Monday, October 23, 2006

Millianism, Propositional Guises, and the Hooded Bugsy

I'd like to flesh out the idea of propositional guises a bit more. Consider the example from class, where I utter (1) and you utter (2):

1. You are a student.
2. I am a student.

There is a clear sense in which (1) and (2) say the same thing (in the case where I'm addressing you). According to Millians, and others, this sense is respected by assigning the same proposition to our utterances, one that we might represent as an ordered pair of you and the property of being a student.

In virtue of so uttering, each of us assert the proposition that x is a student, under an assignment of you to 'x'. The assertion relation is two-place; it's a relation between an individual and a proposition. But it is intuitive that we assert the proposition in different ways; you do it by uttering (2) and I do it by uttering (1).

So there are various ways in which one can assert a proposition. If S sincerely asserts P then S believes P. So corresponding to ways of asserting P are ways of believing P--those ways in which P can be asserted. These ways are relevant to behavior--partly in virtue of the way you accept the proposition that you are a student, you have to do assignments, etc., and partly in virtue of the way I accept the proposition, I do not.

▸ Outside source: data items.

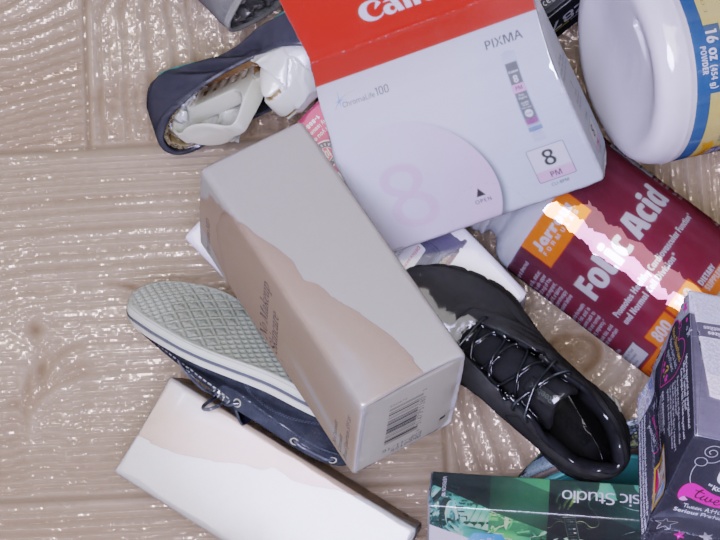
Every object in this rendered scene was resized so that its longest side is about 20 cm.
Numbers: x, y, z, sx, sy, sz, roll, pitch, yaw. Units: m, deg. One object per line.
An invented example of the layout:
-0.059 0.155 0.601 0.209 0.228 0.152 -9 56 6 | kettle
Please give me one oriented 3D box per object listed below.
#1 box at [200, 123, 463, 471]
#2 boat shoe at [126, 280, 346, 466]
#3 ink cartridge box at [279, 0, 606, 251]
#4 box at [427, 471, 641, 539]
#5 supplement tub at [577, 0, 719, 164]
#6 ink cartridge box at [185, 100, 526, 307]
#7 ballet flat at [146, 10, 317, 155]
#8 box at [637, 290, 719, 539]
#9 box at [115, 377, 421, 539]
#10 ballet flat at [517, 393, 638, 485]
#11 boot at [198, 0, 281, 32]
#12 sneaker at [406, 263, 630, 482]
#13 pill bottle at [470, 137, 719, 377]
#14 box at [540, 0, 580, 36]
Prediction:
-0.021 0.016 1.442 0.077 0.095 0.200 -26 62 -19 | box
-0.075 0.070 1.516 0.199 0.075 0.063 27 126 16 | boat shoe
0.048 -0.121 1.447 0.162 0.057 0.201 -18 124 19 | ink cartridge box
0.143 0.200 1.526 0.198 0.145 0.037 2 45 3 | box
0.262 -0.159 1.523 0.199 0.145 0.146 -13 84 -16 | supplement tub
0.000 0.000 1.573 0.145 0.084 0.200 -45 85 -1 | ink cartridge box
-0.068 -0.128 1.564 0.199 0.073 0.074 -20 83 31 | ballet flat
0.289 0.110 1.447 0.198 0.115 0.133 13 45 -7 | box
-0.062 0.159 1.561 0.199 0.095 0.078 31 89 4 | box
0.199 0.113 1.570 0.198 0.074 0.075 -12 85 1 | ballet flat
-0.148 -0.237 1.595 0.182 0.073 0.200 -42 76 -1 | boot
0.105 0.065 1.483 0.200 0.091 0.076 37 90 -4 | sneaker
0.165 -0.022 1.550 0.200 0.114 0.114 37 88 5 | pill bottle
0.071 -0.213 1.588 0.200 0.049 0.161 -40 72 -1 | box
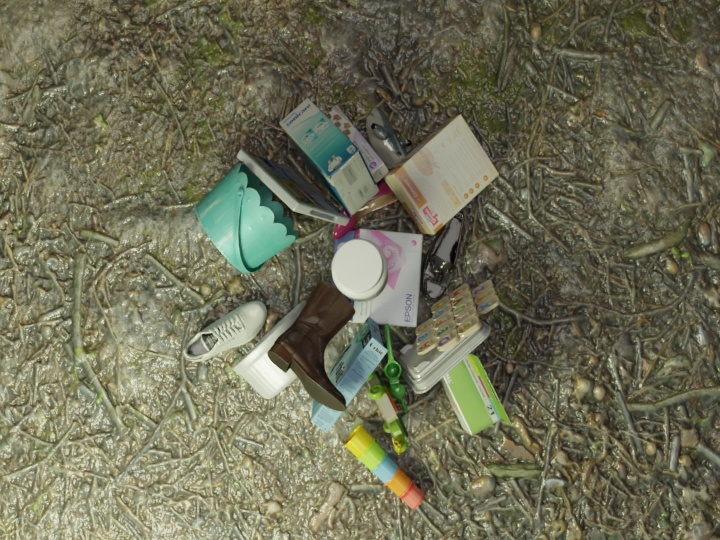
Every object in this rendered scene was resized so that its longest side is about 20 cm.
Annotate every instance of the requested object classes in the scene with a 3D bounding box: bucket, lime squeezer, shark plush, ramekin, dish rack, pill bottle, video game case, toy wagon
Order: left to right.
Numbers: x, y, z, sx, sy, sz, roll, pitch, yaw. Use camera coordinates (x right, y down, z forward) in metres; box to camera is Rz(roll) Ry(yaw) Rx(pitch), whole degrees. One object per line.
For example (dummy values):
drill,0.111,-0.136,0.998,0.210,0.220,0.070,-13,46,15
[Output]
bucket,-0.234,-0.104,1.326,0.134,0.207,0.209,-37,86,5
ramekin,-0.156,0.165,1.304,0.200,0.200,0.098,-42,93,-3
video game case,-0.135,-0.167,1.306,0.200,0.180,0.022,43,107,29
pill bottle,0.000,0.000,1.273,0.109,0.200,0.118,0,85,2
toy wagon,0.057,0.289,1.286,0.039,0.200,0.158,-26,116,-6
lime squeezer,0.075,0.215,1.320,0.037,0.071,0.206,-6,108,26
shark plush,0.086,-0.272,1.405,0.198,0.092,0.084,37,56,8
dish rack,0.160,0.150,1.312,0.199,0.172,0.044,-40,104,-3

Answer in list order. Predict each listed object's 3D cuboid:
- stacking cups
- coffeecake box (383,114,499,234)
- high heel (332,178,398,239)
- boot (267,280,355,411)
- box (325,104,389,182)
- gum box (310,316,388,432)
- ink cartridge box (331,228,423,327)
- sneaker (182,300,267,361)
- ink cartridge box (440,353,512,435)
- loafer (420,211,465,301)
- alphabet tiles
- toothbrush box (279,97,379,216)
stacking cups,0.053,0.415,1.354,0.200,0.061,0.061,44,86,-1
coffeecake box,0.171,-0.202,1.364,0.199,0.073,0.155,-41,103,-10
high heel,0.024,-0.131,1.384,0.095,0.068,0.202,32,68,13
boot,-0.053,0.135,1.212,0.185,0.064,0.201,40,55,-1
box,-0.010,-0.273,1.377,0.038,0.041,0.202,-38,61,6
gum box,-0.024,0.204,1.292,0.044,0.170,0.202,36,97,-7
ink cartridge box,0.033,0.015,1.391,0.193,0.043,0.204,4,86,-1
sneaker,-0.285,0.132,1.363,0.197,0.081,0.077,-34,84,-4
ink cartridge box,0.220,0.247,1.289,0.074,0.200,0.151,-26,85,-2
loafer,0.178,-0.034,1.382,0.070,0.063,0.206,18,85,0
alphabet tiles,0.191,0.091,1.300,0.193,0.201,0.015,-35,106,14
toothbrush box,-0.064,-0.233,1.324,0.085,0.147,0.200,-40,57,-4
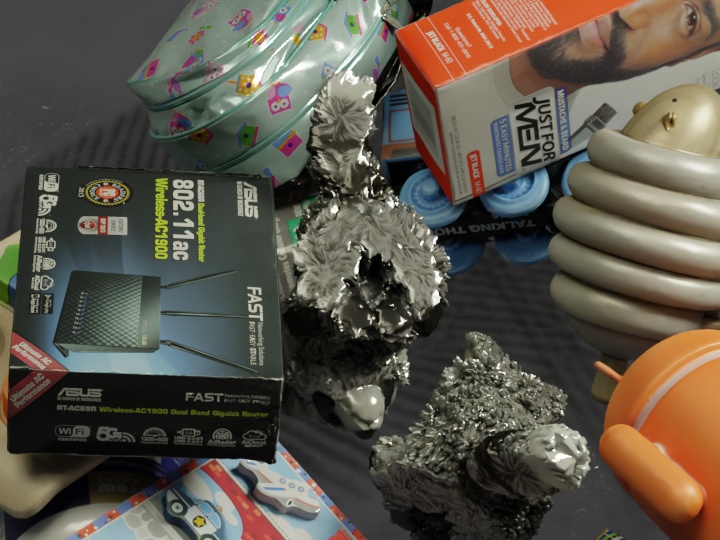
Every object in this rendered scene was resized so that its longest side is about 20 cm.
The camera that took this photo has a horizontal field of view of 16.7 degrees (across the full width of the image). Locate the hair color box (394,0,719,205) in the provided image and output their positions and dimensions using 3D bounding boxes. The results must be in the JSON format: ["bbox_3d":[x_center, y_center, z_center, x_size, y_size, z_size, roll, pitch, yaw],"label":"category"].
[{"bbox_3d":[0.128,-0.132,1.521,0.199,0.111,0.064,-25,51,-9],"label":"hair color box"}]

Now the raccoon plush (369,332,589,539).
[{"bbox_3d":[0.099,0.091,1.390,0.199,0.097,0.134,-12,34,52],"label":"raccoon plush"}]

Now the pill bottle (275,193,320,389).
[{"bbox_3d":[-0.096,0.031,1.546,0.199,0.114,0.113,-17,41,-1],"label":"pill bottle"}]

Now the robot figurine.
[{"bbox_3d":[0.213,0.110,1.361,0.143,0.117,0.200,-31,44,-13],"label":"robot figurine"}]

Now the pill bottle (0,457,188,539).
[{"bbox_3d":[-0.152,0.157,1.420,0.119,0.120,0.201,-15,41,0],"label":"pill bottle"}]

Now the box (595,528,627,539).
[{"bbox_3d":[0.095,0.233,1.295,0.064,0.070,0.200,25,55,40],"label":"box"}]

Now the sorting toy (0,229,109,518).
[{"bbox_3d":[-0.186,0.042,1.433,0.184,0.037,0.200,29,48,28],"label":"sorting toy"}]

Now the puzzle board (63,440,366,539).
[{"bbox_3d":[-0.045,0.185,1.341,0.150,0.017,0.200,-30,68,-38],"label":"puzzle board"}]

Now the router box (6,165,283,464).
[{"bbox_3d":[-0.121,0.021,1.392,0.149,0.062,0.201,3,37,-7],"label":"router box"}]

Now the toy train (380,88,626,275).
[{"bbox_3d":[0.104,-0.067,1.596,0.198,0.087,0.115,-6,57,12],"label":"toy train"}]

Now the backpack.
[{"bbox_3d":[-0.058,-0.129,1.583,0.166,0.127,0.200,-22,25,45],"label":"backpack"}]

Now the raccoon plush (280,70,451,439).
[{"bbox_3d":[0.000,0.000,1.467,0.096,0.134,0.201,11,63,-5],"label":"raccoon plush"}]

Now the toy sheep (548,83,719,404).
[{"bbox_3d":[0.177,-0.015,1.477,0.137,0.202,0.138,13,5,-1],"label":"toy sheep"}]

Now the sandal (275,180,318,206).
[{"bbox_3d":[-0.043,-0.074,1.696,0.081,0.055,0.201,4,58,30],"label":"sandal"}]
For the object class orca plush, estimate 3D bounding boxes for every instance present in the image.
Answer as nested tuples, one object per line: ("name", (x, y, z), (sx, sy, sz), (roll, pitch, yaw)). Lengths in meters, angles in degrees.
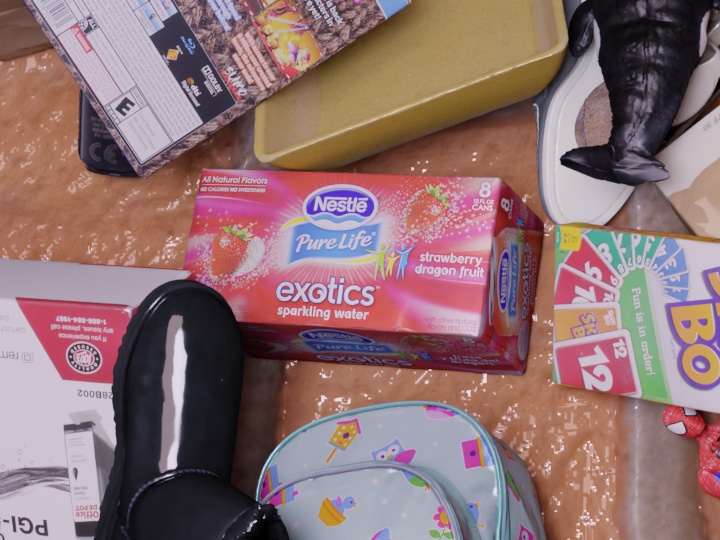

Additionally, it's plausible to suppose that in order to believe P, one must be in some internal mental state, which we can call a 'belief state'. A belief state is a state of your brain (or mind); believing is a relationship between you and a given proposition. Belief states may differ by having different causal roles; being in one belief state may dispose you to do or say or accept certain things. This opens the possibility of their being several distinct belief states, being in any one of which is sufficient for believing that P. We could say these belief states are propositional guises, or ways of believing propositions.

If belief states involve tokens of mental sentences, then just as different natural language sentences express the same proposition, different mental sentences may express the same proposition. Then one may believe a proposition by having a mental sentence with the right sort of causal role (we may say the mental sentence occupies your "belief box"), while witholding belief from that same proposition by entokening a different mental sentence with the same propositional content though that mental sentence is not in one's "belief box".

On the simplifying assumption that natural language sentences are propositional guises, one believes a proposition by accepting some sentence or other that has that proposition as its semantic content. (This is roughly what Salmon's (BEL) says.) But one may grasp another sentence that has the same content as the first and not accept it.

This is what Salmon thinks Elmer is doing in the Hooded Man. He grasps and accepts 'Bugsy is dangerous' when thinking of Bugsy as his friend, so he believes the proposition that Bugsy is dangerous. But on the Millian view, this entails that he believes the proposition that Bugsy is dangerous when thinking of Bugsy as the criminal, though he understands and does not assent to 'Bugsy is dangerous' when thinking of Bugsy in that way. To grasp a sentence but assent to neither it nor its denial is necessary and sufficient for witholding belief, in Salmon's sense (under the assumption that natural language sentences are propositional guises). So Elmer believes Bugsy is dangerous, does not suspend belief with respect to that proposition (since that would entail not believing it), and witholds belief in that proposition when taken in a different way.

No one can believe and fail to believe the very same proposition. Elmer believes it on Salmon's view, but there's more to the story--more that cannot be told without introducing a technical notion of witholding belief that depends on grasping but neither accepting nor rejecting a certain sentence. Thus, Salmon rejects (4) of the Hooded Man argument.